There are four main pricing strategies that businesses use to price their products and services: value-based, competition-based, cost-plus, and dynamic pricing.

Value-based pricing is when businesses price their products and services based on the perceived value to the customer. This means that businesses will charge a higher price for products and services that are seen as being more valuable or beneficial to the customer. For example, a luxury car or a high-end piece of jewelry would be priced using value-based pricing.

Competition-based pricing is when businesses set their prices based on what their competitors are charging for similar products or services. Businesses will typically charge a lower price than their competitors to attract more customers. However, there is always the risk that competitors will lower their prices in response, which can lead to a price war.

Cost-plus pricing is when businesses add a markup to the cost of their product or service to make a profit. The markup is usually a percentage of the cost, so businesses will need to calculate their costs carefully to ensure they are making a profit. This method is commonly used by manufacturing companies selling products in bulk.

Dynamic pricing is when businesses change their prices based on demand or other conditions. For example, hotels and airlines often use dynamic pricing, raising prices during peak times and lowering them during off-peak times. Businesses can also use dynamic pricing to offer discounts to customers who are willing to buy at less popular times, such as early bird discounts for restaurants.

Benefits of value-based pricing

Value-based pricing has many advantages. It’s possible to

  • easily enter the market
  • command higher prices
  • prove that there is a real willingness to pay
  • help you produce better products
  • increase customer services focus
  • build customer loyalty
  • increase brand value
  • and balance the supply and demand

Risks of competition-based pricing

The risks of competition-based pricing are many and varied. Perhaps the biggest risk is that of missed opportunities. By following the herd and pricing in line with your competitors, you may be missing out on potential profits.

It is also important to think short-term when using this pricing strategy. What may work today may not be effective tomorrow, as your competitors could easily undercut you. This could lead to a race to the bottom, where profits are eroded and businesses go out of business.

There is also the risk that your products or services could be perceived as being of lower quality if you price them too low. This could damage your brand reputation and make it difficult to raise prices in the future.

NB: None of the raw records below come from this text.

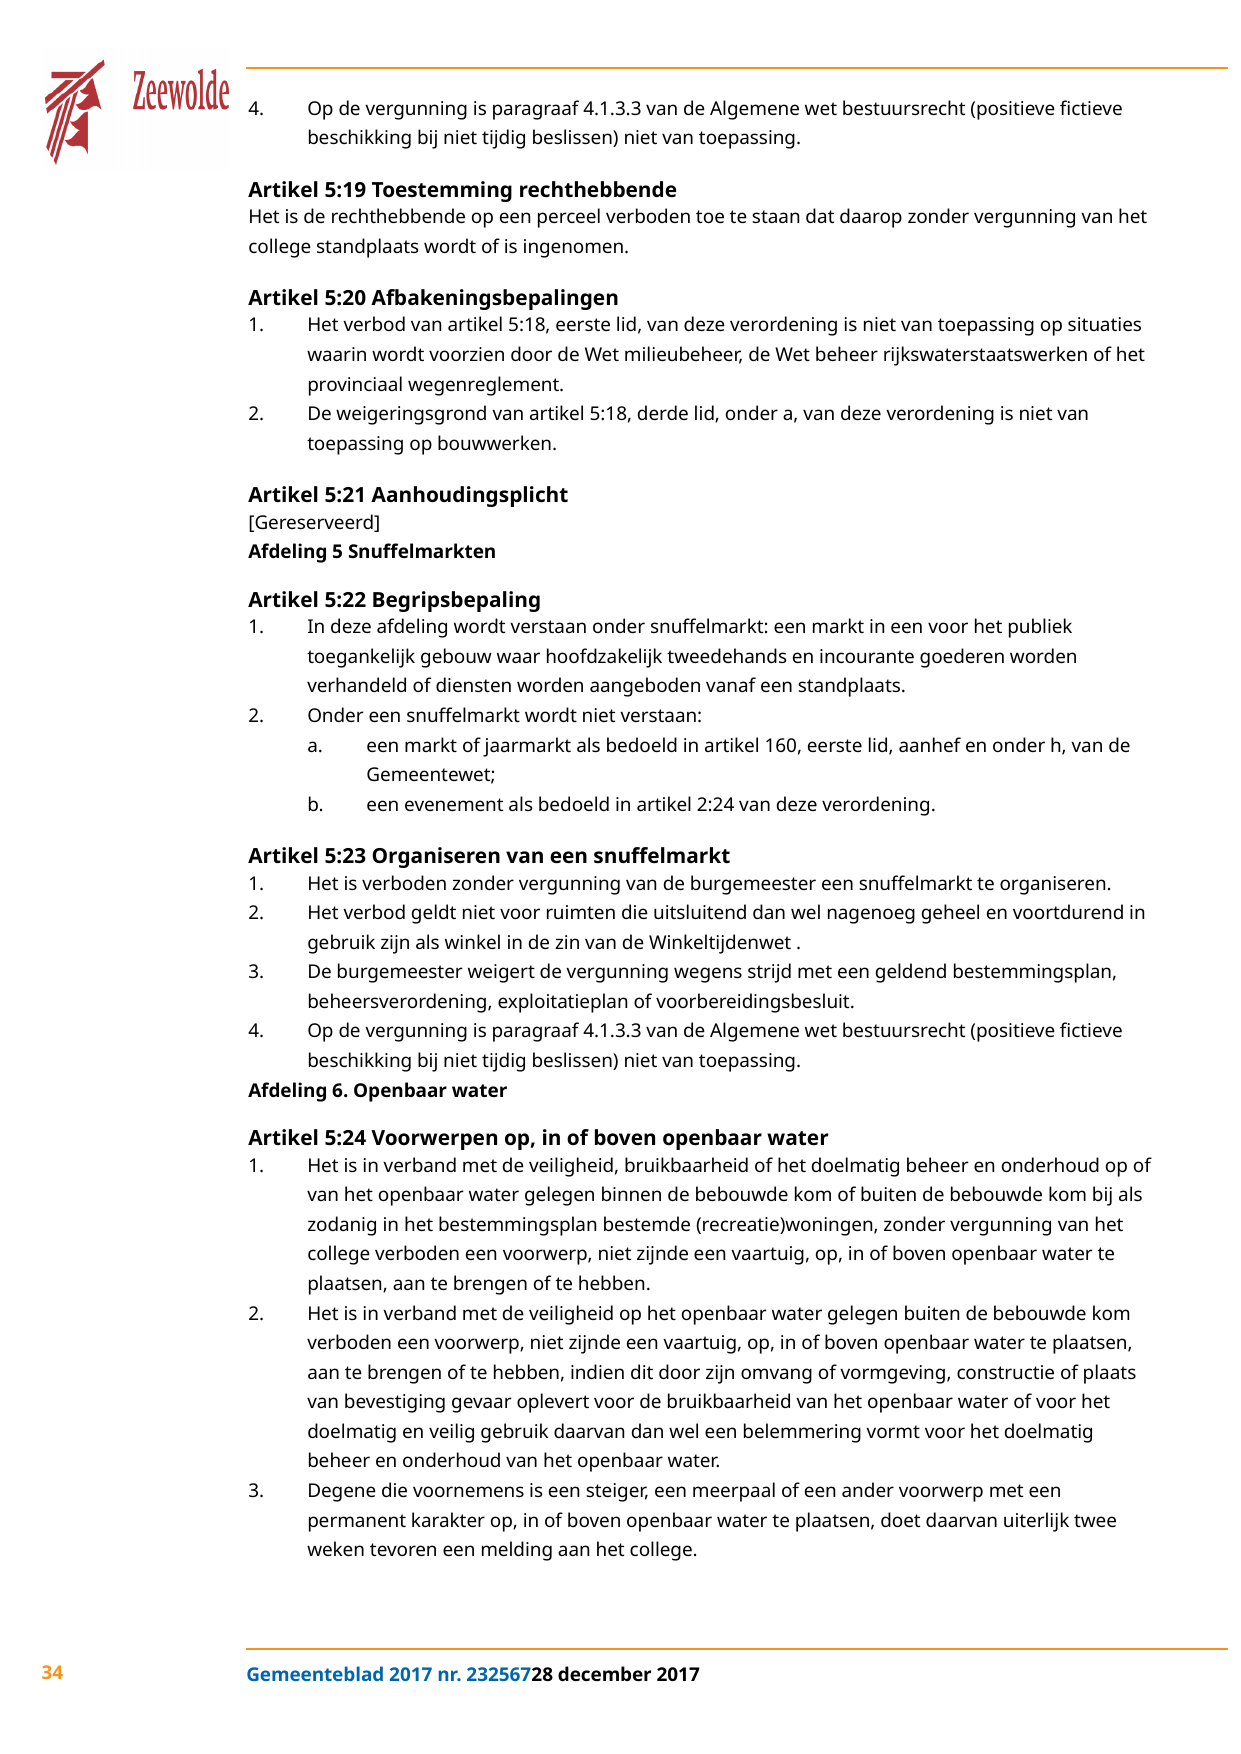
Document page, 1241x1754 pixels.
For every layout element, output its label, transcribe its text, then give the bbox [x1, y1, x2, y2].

list Op de vergunning is paragraaf 4.1.3.3 van de Algemene wet bestuursrecht (positieve fictieve beschikking bij niet tijdig beslissen) niet van toepassing. [248, 95, 1152, 150]
list Degene die voornemens is een steiger, een meerpaal of een ander voorwerp met een permanent karakter op, in of boven openbaar water te plaatsen, doet daarvan uiterlijk twee weken tevoren een melding aan het college. [248, 1477, 1152, 1562]
list Het verbod geldt niet voor ruimten die uitsluitend dan wel nagenoeg geheel en voortdurend in gebruik zijn als winkel in de zin van de Winkeltijdenwet . [248, 899, 1152, 955]
list Op de vergunning is paragraaf 4.1.3.3 van de Algemene wet bestuursrecht (positieve fictieve beschikking bij niet tijdig beslissen) niet van toepassing. [248, 1018, 1152, 1073]
text Artikel 5:22 Begripsbepaling [248, 585, 1152, 613]
text Artikel 5:20 Afbakeningsbepalingen [248, 283, 1152, 312]
list Onder een snuffelmarkt wordt niet verstaan: [248, 702, 1152, 728]
list De burgemeester weigert de vergunning wegens strijd met een geldend bestemmingsplan, beheersverordening, exploitatieplan of voorbereidingsbesluit. [248, 958, 1152, 1014]
text Afdeling 6. Openbaar water [248, 1077, 1152, 1103]
list een markt of jaarmarkt als bedoeld in artikel 160, eerste lid, aanhef en onder h, van de Gemeentewet; [307, 732, 1152, 787]
text Artikel 5:24 Voorwerpen op, in of boven openbaar water [248, 1123, 1152, 1152]
text Het is de rechthebbende op een perceel verboden toe te staan dat daarop zonder vergunning van het college standplaats wordt of is ingenomen. [248, 203, 1152, 258]
list een evenement als bedoeld in artikel 2:24 van deze verordening. [307, 791, 1152, 817]
text [Gereserveerd] [248, 509, 1152, 534]
text Afdeling 5 Snuffelmarkten [248, 538, 1152, 564]
list De weigeringsgrond van artikel 5:18, derde lid, onder a, van deze verordening is niet van toepassing op bouwwerken. [248, 400, 1152, 456]
list Het is in verband met de veiligheid, bruikbaarheid of het doelmatig beheer en onderhoud op of van het openbaar water gelegen binnen de bebouwde kom of buiten de bebouwde kom bij als zodanig in het bestemmingsplan bestemde (recreatie)woningen, zonder vergunning van het college verboden een voorwerp, niet zijnde een vaartuig, op, in of boven openbaar water te plaatsen, aan te brengen of te hebben. [248, 1152, 1152, 1296]
list Het is verboden zonder vergunning van de burgemeester een snuffelmarkt te organiseren. [248, 870, 1152, 896]
text Artikel 5:21 Aanhoudingsplicht [248, 480, 1152, 509]
list Het is in verband met de veiligheid op het openbaar water gelegen buiten de bebouwde kom verboden een voorwerp, niet zijnde een vaartuig, op, in of boven openbaar water te plaatsen, aan te brengen of te hebben, indien dit door zijn omvang of vormgeving, constructie of plaats van bevestiging gevaar oplevert voor de bruikbaarheid van het openbaar water of voor het doelmatig en veilig gebruik daarvan dan wel een belemmering vormt voor het doelmatig beheer en onderhoud van het openbaar water. [248, 1300, 1152, 1473]
list Het verbod van artikel 5:18, eerste lid, van deze verordening is niet van toepassing op situaties waarin wordt voorzien door de Wet milieubeheer, de Wet beheer rijkswaterstaatswerken of het provinciaal wegenreglement. [248, 312, 1152, 397]
text Artikel 5:19 Toestemming rechthebbende [248, 175, 1152, 203]
picture [41, 47, 231, 172]
text Artikel 5:23 Organiseren van een snuffelmarkt [248, 841, 1152, 870]
list In deze afdeling wordt verstaan onder snuffelmarkt: een markt in een voor het publiek toegankelijk gebouw waar hoofdzakelijk tweedehands en incourante goederen worden verhandeld of diensten worden aangeboden vanaf een standplaats. [248, 613, 1152, 698]

How to calculate cost-plus pricing

The cost-plus pricing strategy is a simple one: businesses simply add together their costs for materials, labor, and overhead, then multiply that figure by a markup amount. So if a company’s costs totaled $100 and their desired markup was 10%, the final price would be $110.

Of course, calculating costs can be more complicated than just adding up a few line items. Overhead costs, in particular, can be tricky to pin down. These are expenses that you cannot directly link back to labor or material costs. They’re often associated with the creation of a product - think rent for your office space or the cost of running your factory - and can vary greatly from one business to another.

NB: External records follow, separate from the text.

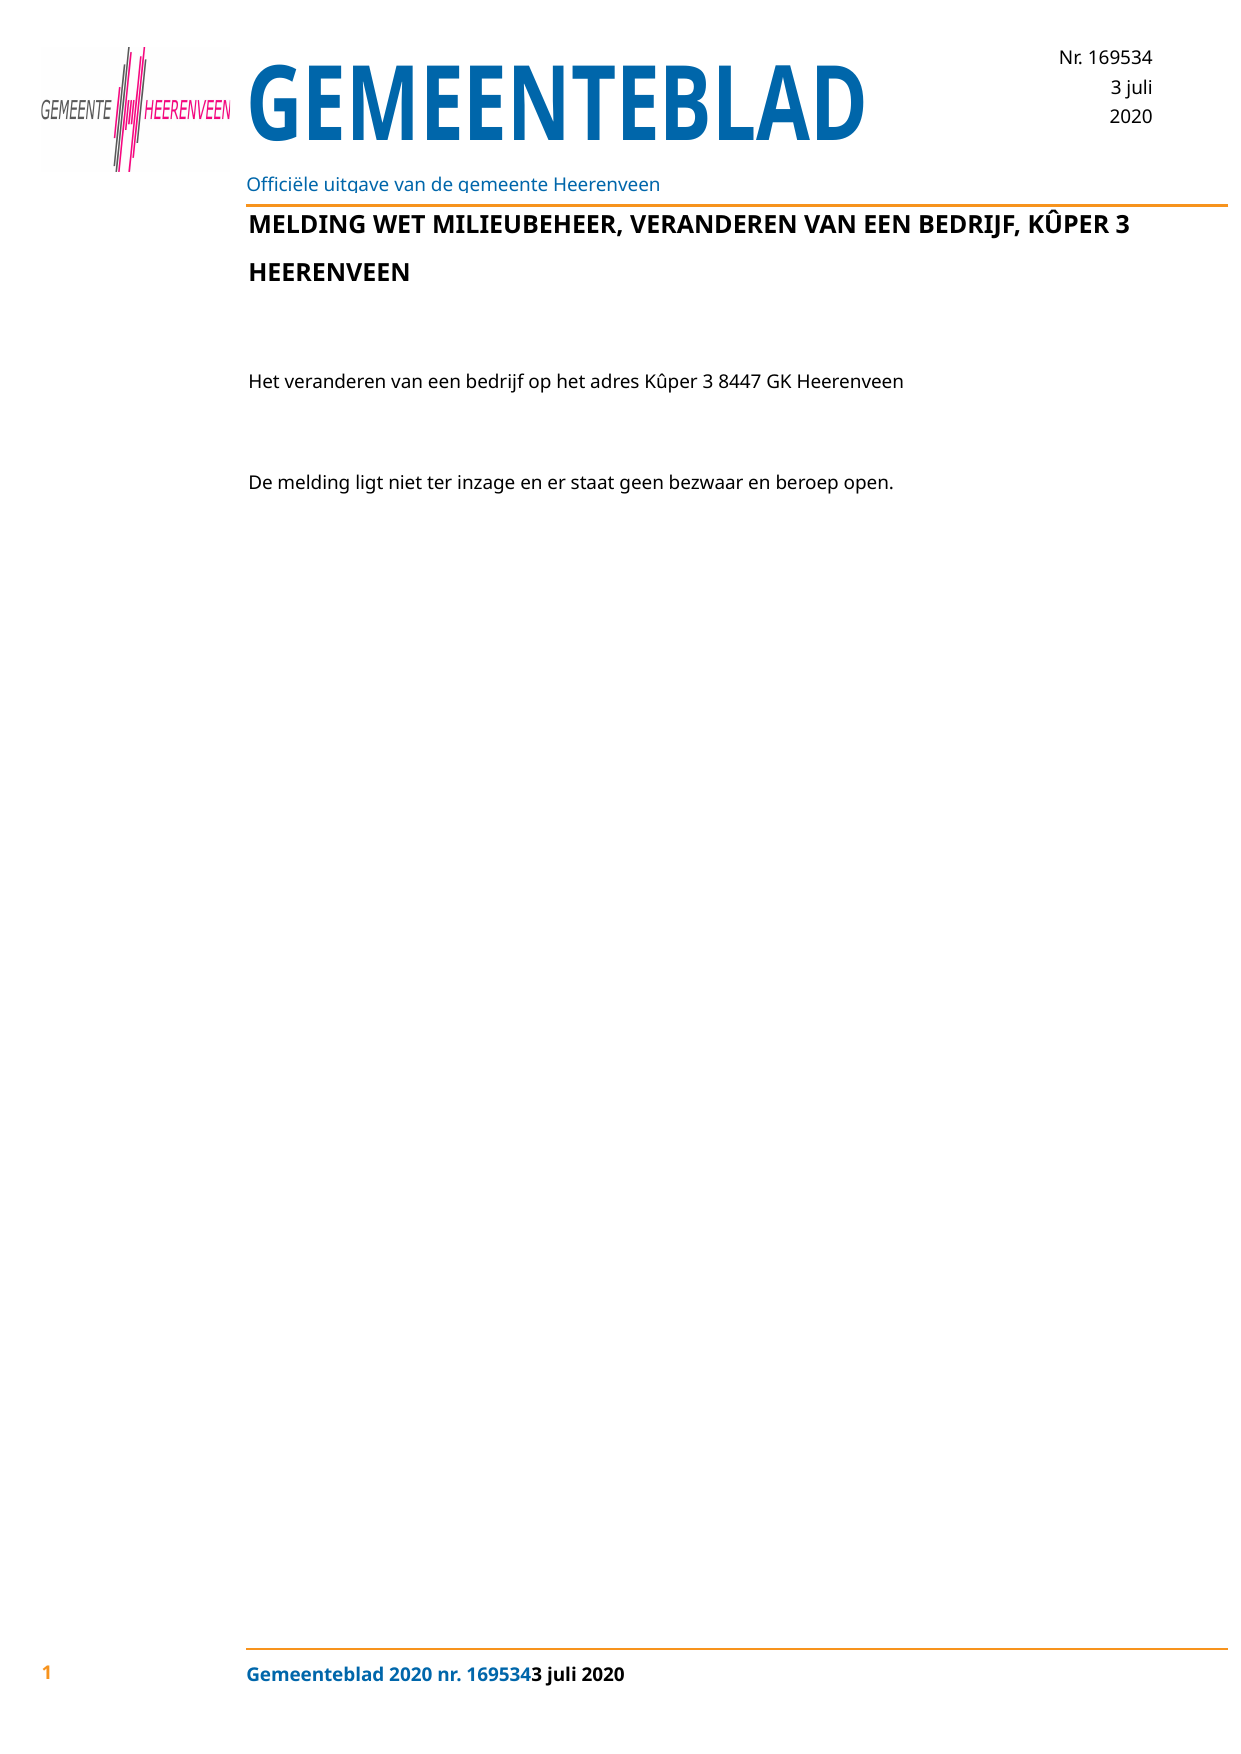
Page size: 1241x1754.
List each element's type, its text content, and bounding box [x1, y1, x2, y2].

text De melding ligt niet ter inzage en er staat geen bezwaar en beroep open. [248, 469, 1152, 495]
text Het veranderen van een bedrijf op het adres Kûper 3 8447 GK Heerenveen [248, 368, 1152, 394]
text MELDING WET MILIEUBEHEER, VERANDEREN VAN EEN BEDRIJF, KÛPER 3 HEERENVEEN [248, 207, 1152, 288]
picture [41, 47, 231, 172]

Still, the cost-plus pricing strategy can be a helpful starting point for setting prices, especially if you’re new to pricing products or services. Once you have a better understanding of your own costs and the market landscape, you can start to experiment with other pricing strategies.

Specific examples of dynamic pricing

Dynamic pricing is a pricing strategy whereby prices are constantly updated and adjusted in real-time based on market demand, availability, and other factors. This type of pricing can be found across a variety of industries, including tourism, airlines, hospitality, e-commerce, car rental, retail, and utility.

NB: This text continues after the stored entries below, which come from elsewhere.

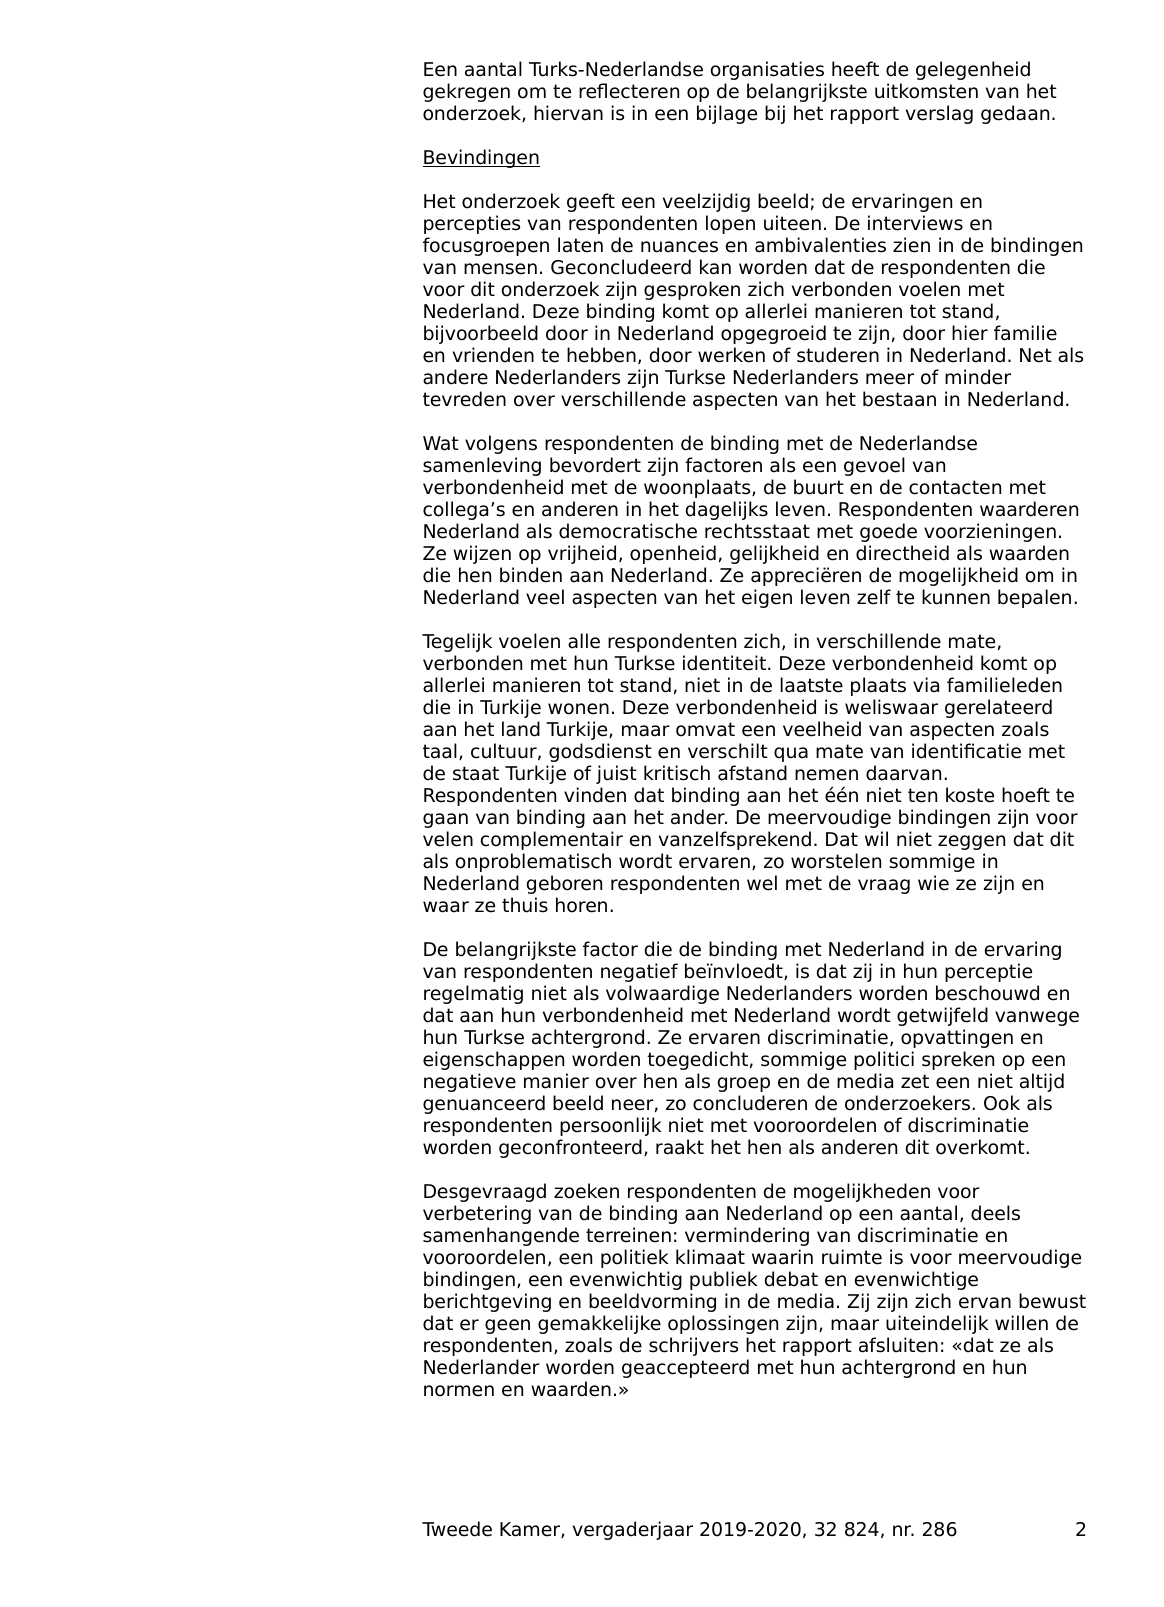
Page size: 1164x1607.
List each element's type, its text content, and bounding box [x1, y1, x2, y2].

text Wat volgens respondenten de binding met de Nederlandse samenleving bevordert zijn factoren als een gevoel van verbondenheid met de woonplaats, de buurt en de contacten met collega’s en anderen in het dagelijks leven. Respondenten waarderen Nederland als democratische rechtsstaat met goede voorzieningen. Ze wijzen op vrijheid, openheid, gelijkheid en directheid als waarden die hen binden aan Nederland. Ze appreciëren de mogelijkheid om in Nederland veel aspecten van het eigen leven zelf te kunnen bepalen. [422, 433, 1087, 609]
text Tegelijk voelen alle respondenten zich, in verschillende mate, verbonden met hun Turkse identiteit. Deze verbondenheid komt op allerlei manieren tot stand, niet in de laatste plaats via familieleden die in Turkije wonen. Deze verbondenheid is weliswaar gerelateerd aan het land Turkije, maar omvat een veelheid van aspecten zoals taal, cultuur, godsdienst en verschilt qua mate van identificatie met de staat Turkije of juist kritisch afstand nemen daarvan. Respondenten vinden dat binding aan het één niet ten koste hoeft te gaan van binding aan het ander. De meervoudige bindingen zijn voor velen complementair en vanzelfsprekend. Dat wil niet zeggen dat dit als onproblematisch wordt ervaren, zo worstelen sommige in Nederland geboren respondenten wel met de vraag wie ze zijn en waar ze thuis horen. [422, 631, 1087, 917]
subtitle Bevindingen [422, 147, 1087, 169]
text De belangrijkste factor die de binding met Nederland in de ervaring van respondenten negatief beïnvloedt, is dat zij in hun perceptie regelmatig niet als volwaardige Nederlanders worden beschouwd en dat aan hun verbondenheid met Nederland wordt getwijfeld vanwege hun Turkse achtergrond. Ze ervaren discriminatie, opvattingen en eigenschappen worden toegedicht, sommige politici spreken op een negatieve manier over hen als groep en de media zet een niet altijd genuanceerd beeld neer, zo concluderen de onderzoekers. Ook als respondenten persoonlijk niet met vooroordelen of discriminatie worden geconfronteerd, raakt het hen als anderen dit overkomt. [422, 939, 1087, 1159]
text Het onderzoek geeft een veelzijdig beeld; de ervaringen en percepties van respondenten lopen uiteen. De interviews en focusgroepen laten de nuances en ambivalenties zien in de bindingen van mensen. Geconcludeerd kan worden dat de respondenten die voor dit onderzoek zijn gesproken zich verbonden voelen met Nederland. Deze binding komt op allerlei manieren tot stand, bijvoorbeeld door in Nederland opgegroeid te zijn, door hier familie en vrienden te hebben, door werken of studeren in Nederland. Net als andere Nederlanders zijn Turkse Nederlanders meer of minder tevreden over verschillende aspecten van het bestaan in Nederland. [422, 191, 1087, 411]
text Desgevraagd zoeken respondenten de mogelijkheden voor verbetering van de binding aan Nederland op een aantal, deels samenhangende terreinen: vermindering van discriminatie en vooroordelen, een politiek klimaat waarin ruimte is voor meervoudige bindingen, een evenwichtig publiek debat en evenwichtige berichtgeving en beeldvorming in de media. Zij zijn zich ervan bewust dat er geen gemakkelijke oplossingen zijn, maar uiteindelijk willen de respondenten, zoals de schrijvers het rapport afsluiten: «dat ze als Nederlander worden geaccepteerd met hun achtergrond en hun normen en waarden.» [422, 1181, 1087, 1401]
text Een aantal Turks-Nederlandse organisaties heeft de gelegenheid gekregen om te reflecteren op de belangrijkste uitkomsten van het onderzoek, hiervan is in een bijlage bij het rapport verslag gedaan. [422, 59, 1087, 125]

Some specific examples of businesses that use dynamic pricing include:


Airlines often dynamically price their tickets based on factors such as demand, time until departure, seat availability, etc. This allows them to maximize revenues and fill up flights while still offering discounts to customers who are willing to book early or travel during off-peak times.


Hotels and other hospitality businesses often use dynamic pricing to adjust their rates based on occupancy levels. This helps them ensure that they are always making the most revenue possible while also providing discounts to customers who book during less busy times.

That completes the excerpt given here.